PitchSTAR: Pitch Style Transfer with Auto-Regularized Flow Matching for Singing Voice

Paper Code (Upon Acceptance)

This is an accompanying page for the paper “PitchSTAR: Pitch Style Transfer with Auto-Regularized Flow Matching for Singing Voice”, currently under review. PitchSTAR is a self-supervised framework for arbitrary pitch style transfer (PST). The PST task is defined as generating a pitch curve given a reference ornamented pitch (style) and notes (content), represented in the Figure 1.

Figure 1. The (Pitch Style Transfer) PST task.

PitchSTAR is based on flow matching, and operates on note-relative pitch modulation, allowing it to disentangle note tone from pitch ornaments. PitchSTAR also uses an auto-regularization strategy of exploiting the noisy inputs inherent to flow matching training, to allow conditioning on the full reference through a blurred cross-attention, forcing the model to capture both global and local stylistic characteristics while avoiding trivial reference copying. Its training is shown on Figure 2.
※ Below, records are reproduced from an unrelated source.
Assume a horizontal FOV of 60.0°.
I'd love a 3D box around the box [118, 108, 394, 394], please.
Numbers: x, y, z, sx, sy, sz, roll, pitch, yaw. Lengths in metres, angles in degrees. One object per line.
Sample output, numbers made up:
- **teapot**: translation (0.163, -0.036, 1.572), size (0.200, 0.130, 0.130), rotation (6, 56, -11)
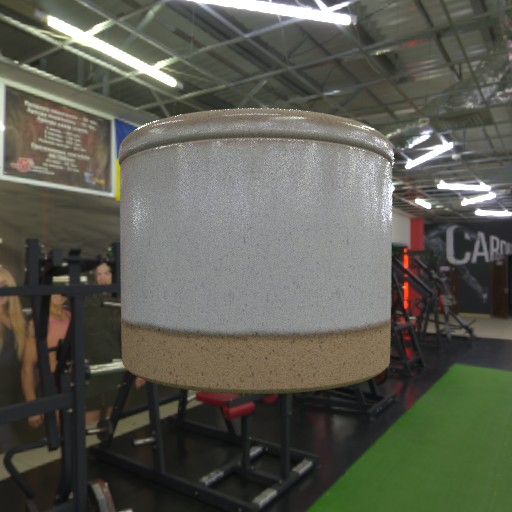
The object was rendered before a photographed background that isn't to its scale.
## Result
- **box**: translation (0.000, 0.000, 0.259), size (0.154, 0.123, 0.154), rotation (0, -1, 0)
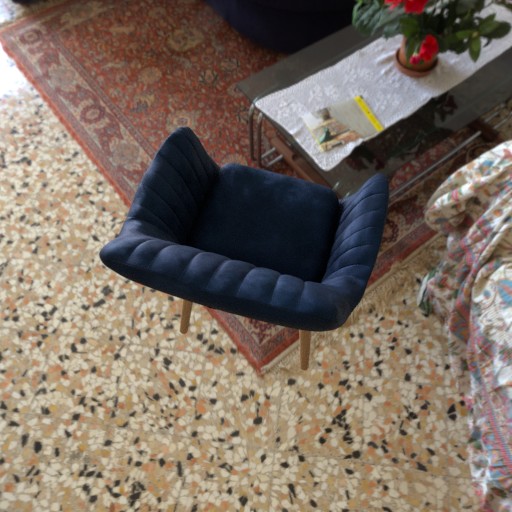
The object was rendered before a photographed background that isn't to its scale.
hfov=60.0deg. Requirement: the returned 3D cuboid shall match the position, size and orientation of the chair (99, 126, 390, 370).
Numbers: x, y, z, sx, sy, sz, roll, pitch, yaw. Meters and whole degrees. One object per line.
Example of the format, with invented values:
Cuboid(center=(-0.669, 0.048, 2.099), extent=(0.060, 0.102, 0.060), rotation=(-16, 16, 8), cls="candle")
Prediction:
Cuboid(center=(0.000, 0.000, 1.207), extent=(0.578, 0.826, 0.573), rotation=(15, 65, 7), cls="chair")
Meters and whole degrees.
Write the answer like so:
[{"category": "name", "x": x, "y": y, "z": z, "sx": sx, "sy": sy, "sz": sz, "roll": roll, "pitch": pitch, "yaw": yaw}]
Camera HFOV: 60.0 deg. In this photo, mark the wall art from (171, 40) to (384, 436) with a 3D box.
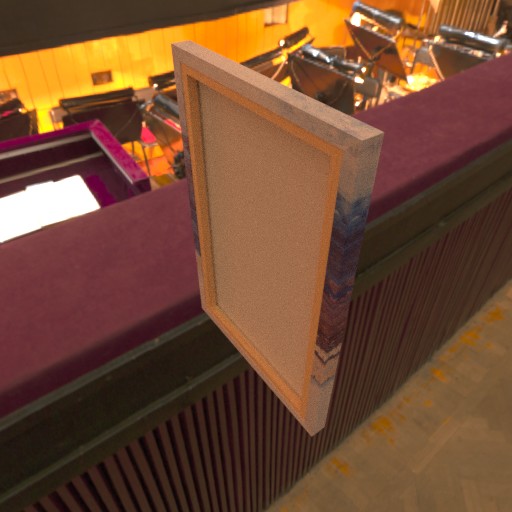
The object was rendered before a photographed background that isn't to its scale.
[{"category": "wall art", "x": 0.000, "y": 0.000, "z": 1.111, "sx": 0.048, "sy": 0.874, "sz": 0.583, "roll": -26, "pitch": 47, "yaw": -26}]
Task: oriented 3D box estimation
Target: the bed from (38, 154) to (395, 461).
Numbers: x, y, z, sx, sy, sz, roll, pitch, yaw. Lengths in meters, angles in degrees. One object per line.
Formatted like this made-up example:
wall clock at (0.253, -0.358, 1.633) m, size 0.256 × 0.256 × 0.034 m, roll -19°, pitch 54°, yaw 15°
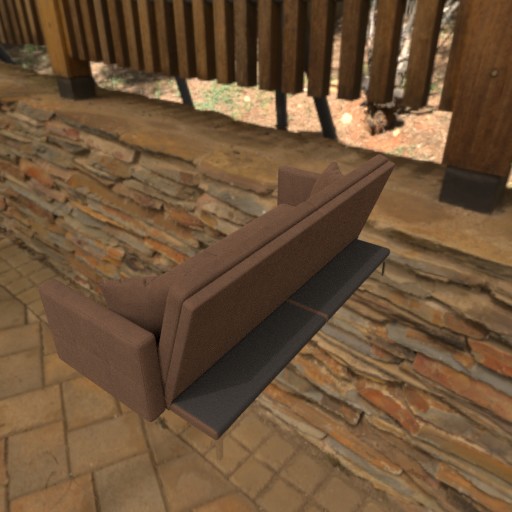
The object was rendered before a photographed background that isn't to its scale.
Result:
bed at (0.000, 0.000, 2.358) m, size 0.889 × 0.787 × 1.905 m, roll 20°, pitch 36°, yaw 30°
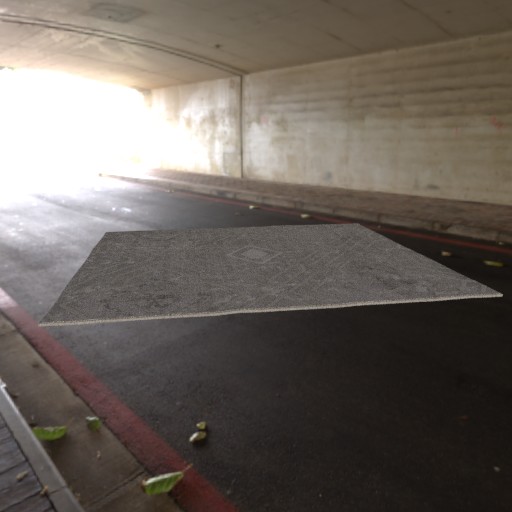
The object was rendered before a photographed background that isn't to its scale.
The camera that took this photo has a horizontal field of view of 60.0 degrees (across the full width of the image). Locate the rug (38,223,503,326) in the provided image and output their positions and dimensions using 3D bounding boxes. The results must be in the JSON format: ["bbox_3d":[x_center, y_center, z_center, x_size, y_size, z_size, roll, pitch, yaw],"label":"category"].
[{"bbox_3d":[0.000,0.000,0.854,0.639,0.006,0.548,-3,15,-9],"label":"rug"}]
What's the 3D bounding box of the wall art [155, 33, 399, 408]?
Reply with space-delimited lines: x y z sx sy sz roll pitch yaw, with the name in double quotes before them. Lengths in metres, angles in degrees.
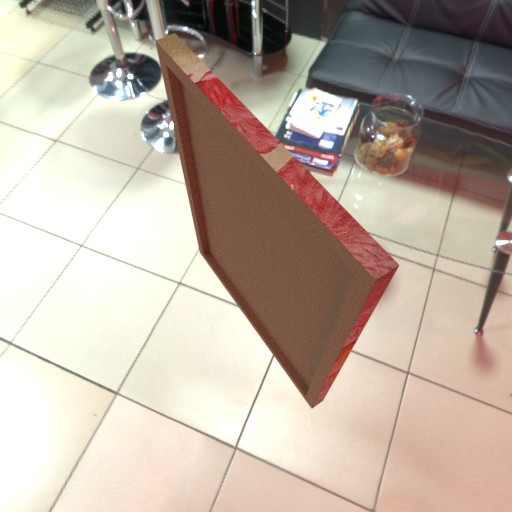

Figure 2. Training scheme of PitchSTAR. Two optimization steps at low and high noise levels are shown with highlighted sharp and blurred cross-attention matrices, respectively.

Sound Samples

For each model and ornament, we select one sample of the combination reference plus notes from the style consistency experiment that yielded the best correct confidence score of the pitch style classifiers. Below we show the output stylized curves with the corresponding reference and input notes. The audios were synthesized with a Serenade model using each shown pitch curve as input conditioning.